In our study on 3D volume data sets of second- and third-trimester fetuses, we were able to demonstrate the potential of a standardized semiautomated approach of anatomic reconstruction of diagnostic CNS planes in the presence of congenital brain anomalies. Given the nonsatisfactory detection rates of CNS lesions in utero in an unselected population on the one hand and the diagnostic value of 3D ultrasound with simultaneous analysis in three orthogonal planes for advanced assessments of the fetal CNS (as presented herein) on the other hand, the question arises why most of the available data still rely on conventional two-dimensional ultrasound (2DUS). Following the recently revised ISUOG practice guidelines for sonographic examination of the fetal central nervous system, further assessment of additional diagnostic planes is mandatory in cases of a positive family history, congenital heart disease, suspected intrauterine infection, monochorionic twin gestation, abnormal genetic testing, or when an anatomic abnormality is suspected during routine or nuchal translucency scans.15 As exemplified by an apparent enlargement of the ventricular system, a careful assessment of the entire intracranial anatomy is arbitrative, including the lateral, third, and fourth ventricles; (peri-)callosal region; thalami; germinal matrix region; and cerebellum, to rule out additional CNS anomalies (and extracranial defects). However, this, in turn, implicates attainment of numerous additional planes and views that primarily constitute a complete neurosonogram. Developing and maintaining the skills to perform a targeted anatomic survey in general, but fetal neurosonography in particular, requires an investment and an organized approach.16,17 In addition to the capability to detect and localize CNS lesions precisely, it further necessitates an in-depth knowledge of the natural course across gestation and the outcome of the different cerebral malformations.
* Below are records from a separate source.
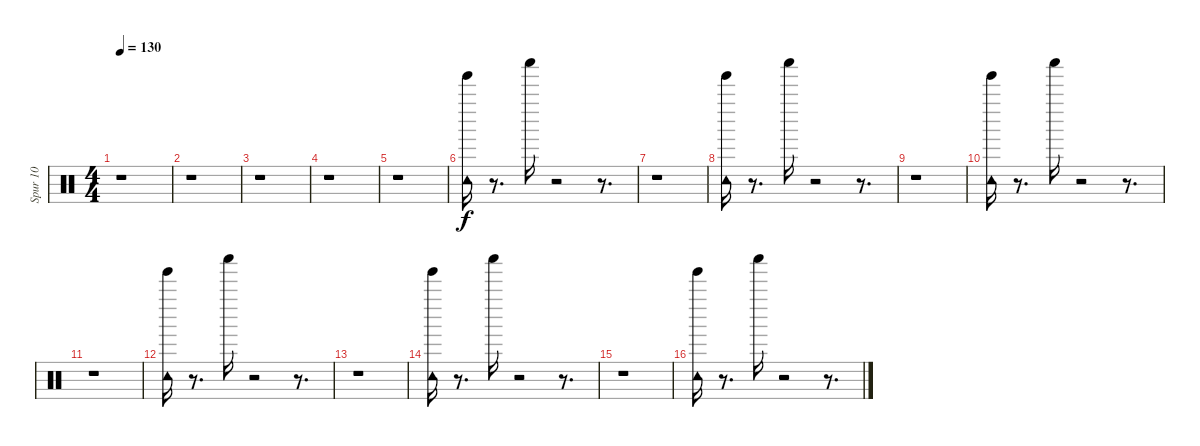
\track ("Spur 10" "Spur 10") {instrument percussion}
\staff {score}
\articulation defaults
\ts (4 4)
\tempo 130
\clef neutral
\ks c
r.1{dy f} |
r.1 |
r.1 |
r.1 |
r.1 |
("Tambourine (hit)" "Tinkle Bell (hit)").16 r.8{d} "Shaker (hit)".16 r.2 r.8{d} |
r.1 |
("Tambourine (hit)" "Tinkle Bell (hit)").16 r.8{d} "Shaker (hit)".16 r.2 r.8{d} |
r.1 |
("Tambourine (hit)" "Tinkle Bell (hit)").16 r.8{d} "Shaker (hit)".16 r.2 r.8{d} |
r.1 |
("Tambourine (hit)" "Tinkle Bell (hit)").16 r.8{d} "Shaker (hit)".16 r.2 r.8{d} |
r.1 |
("Tambourine (hit)" "Tinkle Bell (hit)").16 r.8{d} "Shaker (hit)".16 r.2 r.8{d} |
r.1 |
("Tambourine (hit)" "Tinkle Bell (hit)").16 r.8{d} "Shaker (hit)".16 r.2 r.8{d}
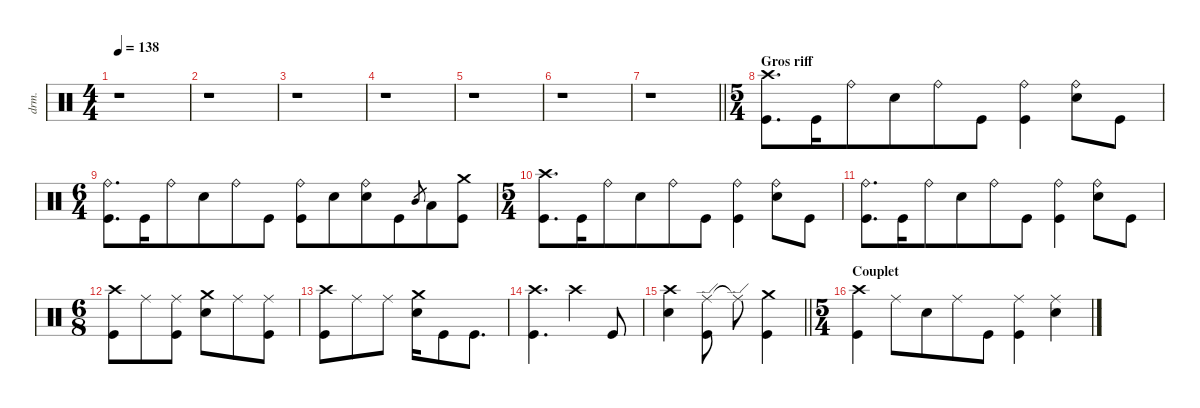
\defaultSystemsLayout 4
\hideDynamics
\bracketExtendMode nobrackets
\track ("Percussions" "drm.") {instrument percussion}
\staff {score}
\articulation defaults
\ts (4 4)
\tempo 138
\clef neutral
\ks aminor
r.1{dy f} |
r.1 |
r.1 |
r.1 |
r.1 |
r.1 |
\barLineRight lightlight
r.1 |
\ts (5 4)
\beaming (8 6 4)
\section ("" "Gros riff")
("Crash high (hit)" "Kick (hit)").8{d} "Kick (hit)".16 "Ride (bell)".8 "Snare (hit) 2".8 "Ride (bell)".8 "Kick (hit)".8 ("Kick (hit)" "Ride (bell)").4 ("Ride (bell)" "Snare (hit) 2").8 "Kick (hit)".8 |
\ts (6 4)
\beaming (8 6 6)
("Ride (bell)" "Kick (hit)").8{d} "Kick (hit)".16 "Ride (bell)".8 "Snare (hit) 2".8 "Ride (bell)".8 "Kick (hit)".8 ("Kick (hit)" "Ride (bell)").8 "Snare (hit) 2".8 ("Ride (bell)" "Snare (hit) 2").8 "Kick (hit)".8 "Mid Tom (hit)".8{gr} "Low Tom (hit)".8 ("Crash medium (hit)" "Kick (hit)").8 |
\ts (5 4)
\beaming (8 6 4)
("Crash high (hit)" "Kick (hit)").8{d} "Kick (hit)".16 "Ride (bell)".8 "Snare (hit) 2".8 "Ride (bell)".8 "Kick (hit)".8 ("Kick (hit)" "Ride (bell)").4 ("Ride (bell)" "Snare (hit) 2").8 "Kick (hit)".8 |
("Ride (bell)" "Kick (hit)").8{d} "Kick (hit)".16 "Ride (bell)".8 "Snare (hit) 2".8 "Ride (bell)".8 "Kick (hit)".8 ("Kick (hit)" "Ride (bell)").4 ("Ride (bell)" "Snare (hit) 2").8 "Kick (hit)".8 |
\ts (6 8)
\beaming (8 3 3)
("Crash high (hit)" "Kick (hit)").8 "Ride (middle)".8 ("Ride (middle)" "Kick (hit)").8 ("Crash medium (hit)" "Snare (hit) 2").8 "Ride (middle)".8 ("Ride (middle)" "Kick (hit)").8 |
("Crash high (hit)" "Kick (hit)").8 "Ride (middle)".8 "Ride (middle)".8 ("Crash medium (hit)" "Snare (hit) 2").16 "Kick (hit)".8 "Kick (hit)".8{d} |
("Crash high (hit)" "Kick (hit)").4{d} "Crash high (hit)".4 "Kick (hit)".8 |
\barLineRight lightlight
("Crash high (hit)" "Snare (hit) 2").4 ("Ride (edge)" "Kick (hit)").8 "Ride (edge)"{t}.8 ("Crash medium (hit)" "Kick (hit)").4 |
\ts (5 4)
\beaming (8 6 4)
\section ("" "Couplet")
("Crash high (hit)" "Kick (hit)").4 "Ride (middle)".8 "Snare (hit) 2".8 "Ride (middle)".8 "Kick (hit)".8 ("Ride (middle)" "Kick (hit)").4 ("Ride (middle)" "Snare (hit) 2").4
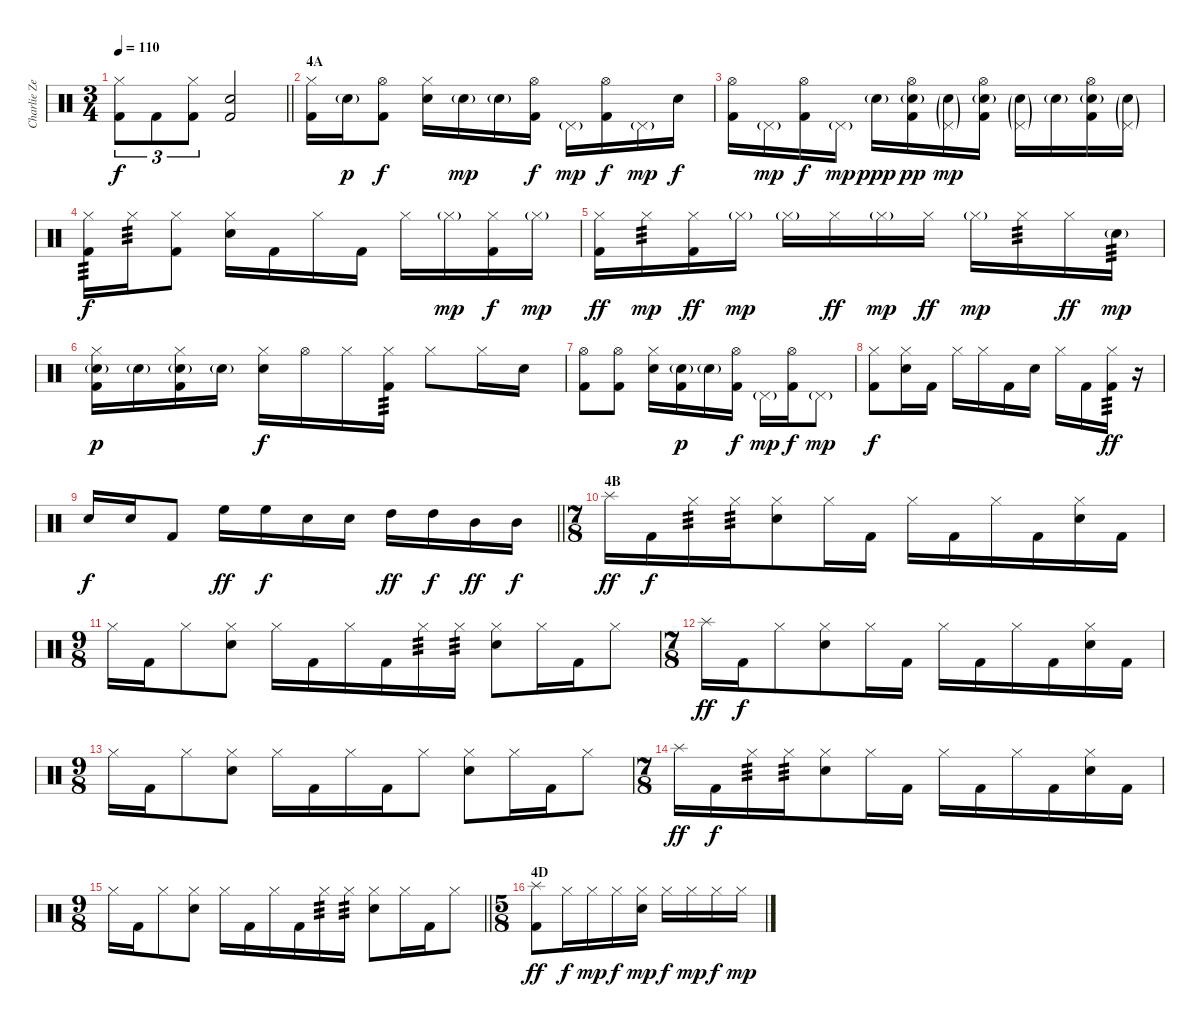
\track ("Charlie Zeleny - Drums" "Charlie Ze") {instrument percussion}
\staff {score}
\articulation defaults
\ts (3 4)
\tempo 110
\clef neutral
\barLineRight lightlight
\ks c
("Hi-Hat (closed)" "Kick (hit) 2").8{tu (3 2) dy f} "Kick (hit) 2".8{tu (3 2)} ("Hi-Hat (closed)" "Kick (hit) 2").8{tu (3 2)} ("Electric Snare (hit)" "Kick (hit) 2").2{bd 120} |
\section ("" "4A")
("Hi-Hat (closed)" "Kick (hit) 2").16 "Electric Snare (hit)"{g}.16{dy p} ("Hi-Hat (open)" "Kick (hit) 2").8{dy f} ("Hi-Hat (closed)" "Electric Snare (hit)").16 "Electric Snare (hit)"{g}.16{dy mp} "Electric Snare (hit)"{g}.16 ("Hi-Hat (open)" "Kick (hit) 2").16{dy f} "Pedal Hi-Hat (hit)"{g}.16{dy mp} ("Hi-Hat (open)" "Kick (hit) 2").16{dy f} "Pedal Hi-Hat (hit)"{g}.16{dy mp} "Electric Snare (hit)".16{dy f} |
("Hi-Hat (open)" "Kick (hit) 2").16 "Pedal Hi-Hat (hit)"{g}.16{dy mp} ("Hi-Hat (open)" "Kick (hit) 2").16{dy f} "Pedal Hi-Hat (hit)"{g}.16{dy mp} "Electric Snare (hit)"{g}.16{dy ppp} ("Hi-Hat (open)" "Electric Snare (hit)"{g} "Kick (hit) 2").16{dy pp} ("Electric Snare (hit)"{g} "Pedal Hi-Hat (hit)"{g}).16{dy mp} ("Hi-Hat (open)" "Electric Snare (hit)"{g} "Kick (hit) 2").16 ("Electric Snare (hit)"{g} "Pedal Hi-Hat (hit)"{g}).16 "Electric Snare (hit)"{g}.16 ("Hi-Hat (open)" "Electric Snare (hit)"{g} "Kick (hit) 2").16 ("Electric Snare (hit)"{g} "Pedal Hi-Hat (hit)"{g}).16 |
("Hi-Hat (closed)" "Kick (hit) 2").16{tp 3 dy f} "Hi-Hat (closed)".16{tp 3} ("Hi-Hat (closed)" "Kick (hit) 2").8 ("Hi-Hat (closed)" "Electric Snare (hit)").16 "Kick (hit) 2".16 "Hi-Hat (closed)".16 "Kick (hit) 2".16 "Hi-Hat (closed)".16 "Hi-Hat (closed)"{g}.16{dy mp} ("Hi-Hat (closed)" "Kick (hit) 2").16{dy f} "Hi-Hat (closed)"{g}.16{dy mp} |
("Hi-Hat (closed)" "Kick (hit) 2").16{dy ff} "Hi-Hat (closed)".16{tp 3 dy mp} ("Hi-Hat (closed)" "Kick (hit) 2").16{dy ff} "Hi-Hat (closed)"{g}.16{dy mp} "Hi-Hat (closed)"{g}.16 "Hi-Hat (closed)".16{dy ff} "Hi-Hat (closed)"{g}.16{dy mp} "Hi-Hat (closed)".16{dy ff} "Hi-Hat (closed)"{g}.16{dy mp} "Hi-Hat (closed)".16{tp 3} "Hi-Hat (closed)".16{dy ff} "Electric Snare (hit)"{g}.16{tp 3 dy mp} |
("Hi-Hat (closed)" "Electric Snare (hit)"{g} "Kick (hit) 2").16{dy p} "Electric Snare (hit)"{g}.16 ("Hi-Hat (closed)" "Electric Snare (hit)"{g} "Kick (hit) 2").16 "Electric Snare (hit)"{g}.16 ("Hi-Hat (closed)" "Electric Snare (hit)").16{dy f} "Hi-Hat (open)".16 "Hi-Hat (closed)".16 ("Hi-Hat (closed)" "Kick (hit) 2").16{tp 3} "Hi-Hat (closed)".8 "Hi-Hat (closed)".16 "Electric Snare (hit)".16 |
("Hi-Hat (open)" "Kick (hit) 2").8 ("Hi-Hat (open)" "Kick (hit) 2").8 ("Hi-Hat (closed)" "Electric Snare (hit)").16 ("Electric Snare (hit)"{g} "Kick (hit) 2").16{dy p} "Electric Snare (hit)"{g}.16 ("Hi-Hat (open)" "Kick (hit) 2").16{dy f} "Pedal Hi-Hat (hit)"{g}.16{dy mp} ("Hi-Hat (open)" "Kick (hit) 2").16{dy f} "Pedal Hi-Hat (hit)"{g}.8{dy mp} |
("Hi-Hat (closed)" "Kick (hit) 2").8{dy f} ("Hi-Hat (closed)" "Electric Snare (hit)").16 "Kick (hit) 2".16 "Hi-Hat (closed)".16 "Hi-Hat (closed)".16 "Kick (hit) 2".16 "Electric Snare (hit)".16 "Hi-Hat (closed)".16 "Kick (hit) 2".16 ("Hi-Hat (closed)" "Kick (hit) 2").16{tp 3 dy ff} r.16 |
\barLineRight lightlight "Electric Snare (hit)".16{dy f} "Electric Snare (hit)".16 "Kick (hit) 2".8 "High Floor Tom (hit)".16{dy ff} "High Floor Tom (hit)".16{dy f} "Electric Snare (hit)".16 "Electric Snare (hit)".16 "High Tom (hit)".16{dy ff} "High Tom (hit)".16{dy f} "Mid Tom (hit)".16{dy ff} "Mid Tom (hit)".16{dy f}
|
\ts (7 8)
\section ("" "4B")
"Splash (hit)".16{dy ff} "Kick (hit) 2".16{dy f} "Hi-Hat (closed)".16{tp 3} "Hi-Hat (closed)".16{tp 3} ("Hi-Hat (closed)" "Electric Snare (hit)").8 "Hi-Hat (closed)".16 "Kick (hit) 2".16 "Hi-Hat (closed)".16 "Kick (hit) 2".16 "Hi-Hat (closed)".16 "Kick (hit) 2".16 ("Hi-Hat (closed)" "Electric Snare (hit)").16 "Kick (hit) 2".16 |
\ts (9 8)
"Hi-Hat (closed)".16 "Kick (hit) 2".16 "Hi-Hat (closed)".8 ("Hi-Hat (closed)" "Electric Snare (hit)").8 "Hi-Hat (closed)".16 "Kick (hit) 2".16 "Hi-Hat (closed)".16 "Kick (hit) 2".16 "Hi-Hat (closed)".16{tp 3} "Hi-Hat (closed)".16{tp 3} ("Hi-Hat (closed)" "Electric Snare (hit)").8 "Hi-Hat (closed)".16 "Kick (hit) 2".16 "Hi-Hat (closed)".8 |
\ts (7 8)
"Splash (hit)".16{dy ff} "Kick (hit) 2".16{dy f} "Hi-Hat (closed)".8 ("Hi-Hat (closed)" "Electric Snare (hit)").8 "Hi-Hat (closed)".16 "Kick (hit) 2".16 "Hi-Hat (closed)".16 "Kick (hit) 2".16 "Hi-Hat (closed)".16 "Kick (hit) 2".16 ("Hi-Hat (closed)" "Electric Snare (hit)").16 "Kick (hit) 2".16 |
\ts (9 8)
"Hi-Hat (closed)".16 "Kick (hit) 2".16 "Hi-Hat (closed)".8 ("Hi-Hat (closed)" "Electric Snare (hit)").8 "Hi-Hat (closed)".16 "Kick (hit) 2".16 "Hi-Hat (closed)".16 "Kick (hit) 2".16 "Hi-Hat (closed)".8 ("Hi-Hat (closed)" "Electric Snare (hit)").8 "Hi-Hat (closed)".16 "Kick (hit) 2".16 "Hi-Hat (closed)".8 |
\ts (7 8)
"Splash (hit)".16{dy ff} "Kick (hit) 2".16{dy f} "Hi-Hat (closed)".16{tp 3} "Hi-Hat (closed)".16{tp 3} ("Hi-Hat (closed)" "Electric Snare (hit)").8 "Hi-Hat (closed)".16 "Kick (hit) 2".16 "Hi-Hat (closed)".16 "Kick (hit) 2".16 "Hi-Hat (closed)".16 "Kick (hit) 2".16 ("Hi-Hat (closed)" "Electric Snare (hit)").16 "Kick (hit) 2".16 |
\ts (9 8)
\barLineRight lightlight "Hi-Hat (closed)".16 "Kick (hit) 2".16 "Hi-Hat (closed)".8
("Hi-Hat (closed)" "Electric Snare (hit)").8 "Hi-Hat (closed)".16 "Kick (hit) 2".16 "Hi-Hat (closed)".16 "Kick (hit) 2".16 "Hi-Hat (closed)".16{tp 3} "Hi-Hat (closed)".16{tp 3} ("Hi-Hat (closed)" "Electric Snare (hit)").8 "Hi-Hat (closed)".16 "Kick (hit) 2".16 "Hi-Hat (closed)".8 |
\ts (5 8)
\section ("" "4D")
("Splash (hit)" "Kick (hit) 2").8{dy ff} "Hi-Hat (closed)".16{dy f} "Hi-Hat (closed)".16{dy mp} "Hi-Hat (closed)".16{dy f} ("Hi-Hat (closed)" "Electric Snare (hit)").16{dy mp} "Hi-Hat (closed)".16{dy f} "Hi-Hat (closed)".16{dy mp} "Hi-Hat (closed)".16{dy f} "Hi-Hat (closed)".16{dy mp}

A collaborative study analyzing the results from 11 international prenatal centers emphasized that 3D US of the fetal CNS constitutes an accurate and reliable method for the diagnosis of fetal brain malformations.8 Assessment of prospective data from the Neurosofe-3D study demonstrated that acquisition of brain volumes following evidence-based guidelines is able to improve the quality of the volumes and visualization rates of the intracranial structures (satisfying evaluation of 91.5% structures in the axial plane, 81.8% in the coronal plane, and 89.9% in the sagittal plane).18 In light of very recent data from a complementary analysis of the INTERGROWTH-21 project cohort that investigated and measured fetal brain structures on ultrasound images extracted from 3D volumes of the fetal head, the importance of obtaining standardized planes using a volumetric approach has been underscored.19
In the last fifteen years, several three-dimensional US protocols have been applied to examine fetal central nervous structures in detail. Substantial efforts have been made toward a thorough volumetric assessment of fetal midbrain and hindbrain structures and their defects in utero (e.g., corpus callosum including pericallosal blood supply, 3rd ventricle and adjacent structures, posterior fossa and cerebellum, Sylvian fissure).9,20−26 Spinelli et al. provided data on how the exact biometry of posterior fossa structures (vermian crest angle) can be obtained in a feasible and reproducible manner using 3D US.27 Rodriguez-Sibaja and colleagues published international standards for fetal cerebellar growth and Sylvian fissure maturation using 3D ultrasound volumes from the same population-based project.28 Qualitative and quantitative studies of cortical development evaluation using volume data sets clearly showed the potential of multiplanar assessment and confirmed 3D US as a robust diagnostic method.14,29,30 Detailed prenatal judgment of even subtle changes in terms of cortical grading and sulci shape and depth is feasible31–34, but it necessitates exact image alignment and, more strikingly, an awareness of the adequacy of planar image adjustment based on anatomical landmarks, as described in the current literature.29,35
In fact, quite a number of the studies analyzed volume information derived from transvaginally acquired 3D datasets, as these showed a higher image resolution (through US propagation via the sagittal suture and subsequent volume postprocessing).36–38 Three-dimensional TVS has been reported to have higher success rates than the 2D approach and is capable of multiplanar volume manipulation along the x-, y-, and z-axes to achieve high-quality images without requiring acquisition in the exact mid-sagittal plane.39,40 However, due to technical obstacles, such as the inability to manipulate the fetal head to an optimal scanning position or due to physical constraints that may limit the number of degrees of freedom of the US probe, transvaginal access to capture fetal CNS anatomy might be challenging or even impossible. Taking this into account, it becomes obvious that despite the somewhat lower resolution, an abdominal (rather than a transvaginal) approach using an axial acquisition plane is much more appropriate in a screening setting. Nevertheless, manual navigation through brain volume datasets to retrieve differently oriented diagnostic planes along the x-, y-, and z-axes necessitates a comprehensive understanding of fetal CNS architecture and a spatial sense of anatomic relations and hence is highly operator dependent, especially when CNS abnormalities are suspected. It has recently been shown that automated volumetric approaches efficiently enable rapid and standardized evaluation of the fetal brain in terms of basic examination41–43 or reconstruction of an entire neurosonogram.12–14 By simplifying the evaluation process of basic and/or advanced CNS examination, these algorithms might aid in earlier detection of abnormal CNS anatomy in utero. However, it remains widely unclear how these automatic techniques are of clinical use in delineating different CNS lesions by means of proper plane reconstruction and visualization of structural defects in detail.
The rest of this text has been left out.